When menus are extensive I always find difficulty making a decision, as I choose something, and then as I read on I change my mind again and again as I see different dishes, and the same happened here with the starters. After a period of discussion with my wife we selected the Slow Cooked Pigs Cheeks in parsley, garlic, melted onions and green chilli (£9.50), and the Beer Battered Monkfish “Scampi”, smoked paprika and aioli (£8.90). My pigs cheeks were served in a small roasting dish nestling on a bed of soft polenta and were ‘melt in the mouth’ delicious, whereas the Monkfish Scampi combined the slightly sweet taste and dense texture of the Monkfish with a light batter perfectly. The difficulties in choosing continued into the mains where there was a dazzling choice of fish and meat dishes, many using the kitchen’s tandoor oven. My wife chose the Smoked Haddock Risotto, mascarpone and soft herbs (£16.90 for a main portion and £9.50 for a starter size), and I chose the 400g Tandoor Roasted Rib Steak with watercress and duck fat scraps (£33), as I wanted to see whether a steak cooked this way lost its flavour, and if it could be served medium rare as I love having it. The chunks of flaky haddock nestled contentedly in the rich and creamy rice and the beef answered all of my questions/concerns around cooking it in a Tandoor, as the intense heat had left the outside crispy whilst leaving the inside moist and slightly pink as it should be. Additional choices on the menu include duck with a puy lentils salad (£19.60) chicken breast with sated wild mushrooms (£15.50) and Cornish Hake with asparagus and wild garlic (£18), so as a person who can’t make a choice it was very difficult to choose!
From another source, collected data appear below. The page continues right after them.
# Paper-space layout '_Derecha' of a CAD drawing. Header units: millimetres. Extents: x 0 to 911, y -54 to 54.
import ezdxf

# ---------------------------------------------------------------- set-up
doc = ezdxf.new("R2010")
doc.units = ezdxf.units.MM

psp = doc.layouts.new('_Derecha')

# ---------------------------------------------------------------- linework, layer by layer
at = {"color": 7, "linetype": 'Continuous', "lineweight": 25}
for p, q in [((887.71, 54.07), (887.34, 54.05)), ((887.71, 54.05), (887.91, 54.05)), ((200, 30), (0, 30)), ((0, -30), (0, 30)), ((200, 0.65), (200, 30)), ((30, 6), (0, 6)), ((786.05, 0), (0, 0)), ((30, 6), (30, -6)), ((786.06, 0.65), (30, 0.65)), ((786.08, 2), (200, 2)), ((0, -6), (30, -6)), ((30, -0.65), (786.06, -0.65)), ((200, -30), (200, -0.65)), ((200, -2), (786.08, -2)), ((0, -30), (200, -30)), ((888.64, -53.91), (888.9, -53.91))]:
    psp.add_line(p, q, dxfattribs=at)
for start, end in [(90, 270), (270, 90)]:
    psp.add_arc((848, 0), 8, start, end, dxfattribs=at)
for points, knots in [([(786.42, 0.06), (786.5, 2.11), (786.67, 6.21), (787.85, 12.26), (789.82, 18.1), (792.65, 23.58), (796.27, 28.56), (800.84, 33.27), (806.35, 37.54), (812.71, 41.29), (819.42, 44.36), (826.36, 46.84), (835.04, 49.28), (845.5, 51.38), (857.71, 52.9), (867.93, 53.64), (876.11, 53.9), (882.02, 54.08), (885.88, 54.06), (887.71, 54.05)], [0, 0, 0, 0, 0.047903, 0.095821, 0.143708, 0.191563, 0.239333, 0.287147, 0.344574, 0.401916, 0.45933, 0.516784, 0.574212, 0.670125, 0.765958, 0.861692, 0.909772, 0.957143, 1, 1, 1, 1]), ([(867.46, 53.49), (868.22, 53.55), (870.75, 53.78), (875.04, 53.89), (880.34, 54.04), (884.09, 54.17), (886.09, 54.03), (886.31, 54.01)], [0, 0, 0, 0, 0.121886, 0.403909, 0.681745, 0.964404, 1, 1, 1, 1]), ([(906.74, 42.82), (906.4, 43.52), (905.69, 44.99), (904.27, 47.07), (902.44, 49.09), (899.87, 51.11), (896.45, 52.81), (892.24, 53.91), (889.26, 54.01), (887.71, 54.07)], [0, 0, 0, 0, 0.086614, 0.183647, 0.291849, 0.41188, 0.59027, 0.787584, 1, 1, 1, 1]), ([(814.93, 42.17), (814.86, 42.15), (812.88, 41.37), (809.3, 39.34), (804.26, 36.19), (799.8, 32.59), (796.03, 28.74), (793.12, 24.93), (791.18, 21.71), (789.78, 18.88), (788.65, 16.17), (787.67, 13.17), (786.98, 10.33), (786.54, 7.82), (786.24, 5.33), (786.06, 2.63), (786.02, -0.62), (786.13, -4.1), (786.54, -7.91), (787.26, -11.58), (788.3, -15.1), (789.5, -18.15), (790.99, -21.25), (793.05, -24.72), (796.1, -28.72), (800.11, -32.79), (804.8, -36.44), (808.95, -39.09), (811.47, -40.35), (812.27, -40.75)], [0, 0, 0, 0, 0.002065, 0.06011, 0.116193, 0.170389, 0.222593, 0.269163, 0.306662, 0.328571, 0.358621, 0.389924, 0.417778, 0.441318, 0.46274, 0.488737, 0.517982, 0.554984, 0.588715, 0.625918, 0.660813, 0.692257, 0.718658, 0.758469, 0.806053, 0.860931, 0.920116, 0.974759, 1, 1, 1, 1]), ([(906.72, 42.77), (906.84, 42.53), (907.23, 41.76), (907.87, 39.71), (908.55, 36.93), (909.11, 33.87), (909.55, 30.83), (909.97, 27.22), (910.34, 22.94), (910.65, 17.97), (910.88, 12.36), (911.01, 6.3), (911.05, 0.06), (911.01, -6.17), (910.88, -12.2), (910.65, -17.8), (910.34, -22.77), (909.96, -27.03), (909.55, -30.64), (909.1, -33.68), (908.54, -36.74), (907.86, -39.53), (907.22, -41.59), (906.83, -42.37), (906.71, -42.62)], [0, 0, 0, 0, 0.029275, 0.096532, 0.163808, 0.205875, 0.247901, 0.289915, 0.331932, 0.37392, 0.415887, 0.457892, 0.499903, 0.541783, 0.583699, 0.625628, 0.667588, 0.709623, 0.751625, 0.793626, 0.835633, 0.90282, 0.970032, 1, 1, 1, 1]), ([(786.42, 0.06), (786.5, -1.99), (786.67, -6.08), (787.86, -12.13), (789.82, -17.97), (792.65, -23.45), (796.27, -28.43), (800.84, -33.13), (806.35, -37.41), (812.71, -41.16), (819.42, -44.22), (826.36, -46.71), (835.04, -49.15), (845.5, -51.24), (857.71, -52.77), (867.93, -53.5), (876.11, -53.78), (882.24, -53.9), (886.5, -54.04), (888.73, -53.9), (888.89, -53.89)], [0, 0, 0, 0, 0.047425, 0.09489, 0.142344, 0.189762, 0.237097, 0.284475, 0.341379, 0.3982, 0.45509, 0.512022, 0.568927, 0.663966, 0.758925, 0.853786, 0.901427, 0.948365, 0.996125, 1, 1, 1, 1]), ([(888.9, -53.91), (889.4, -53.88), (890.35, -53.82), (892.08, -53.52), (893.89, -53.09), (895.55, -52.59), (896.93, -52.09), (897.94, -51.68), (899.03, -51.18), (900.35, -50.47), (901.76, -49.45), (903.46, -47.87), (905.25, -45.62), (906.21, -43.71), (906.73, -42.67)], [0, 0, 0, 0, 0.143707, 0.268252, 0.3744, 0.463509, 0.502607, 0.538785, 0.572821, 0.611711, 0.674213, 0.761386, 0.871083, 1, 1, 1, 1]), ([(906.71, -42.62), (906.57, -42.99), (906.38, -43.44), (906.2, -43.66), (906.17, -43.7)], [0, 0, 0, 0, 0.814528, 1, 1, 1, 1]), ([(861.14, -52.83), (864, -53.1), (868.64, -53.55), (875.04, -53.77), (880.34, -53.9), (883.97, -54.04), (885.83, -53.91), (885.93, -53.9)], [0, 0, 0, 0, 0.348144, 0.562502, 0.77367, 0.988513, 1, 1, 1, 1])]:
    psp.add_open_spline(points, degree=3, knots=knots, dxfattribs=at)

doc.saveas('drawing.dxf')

After a break to allow us to savour our lovely Casa Albali Verdejo Sauvignon Blanc at a very reasonable £19 a bottle, we were able to turn our attention back to the desserts, and the third difficult decision of the meal. Desserts are all £7.50, and after flirting with a locally made “Chococo” Chocolate and “Liberty Fields” Apple Aperitif or a Banana Tart, we plumped for the Dorset Apple Cake, clotted cream ice cream, and the Fresh Pineapple, Passionfruit and Lime Pavlova with vanilla mascarpone. The Dorset Apple Cake was rich and packed with apple, well-seasoned with cinnamon, offset by the light ice cream. The pavlova was equally light, and the slivers of pineapple and passion fruit refreshing, and a perfect ending to the meal.
Bournemouth is so underrated as a place to visit, and not only has a fabulous beach and attractions, it also now has a great hotel, skybar and restaurant to visit. My advice is to look past the name and instead focus on the fact that this restaurant serves good food in a relaxed and welcoming environment, and is well worth a visit.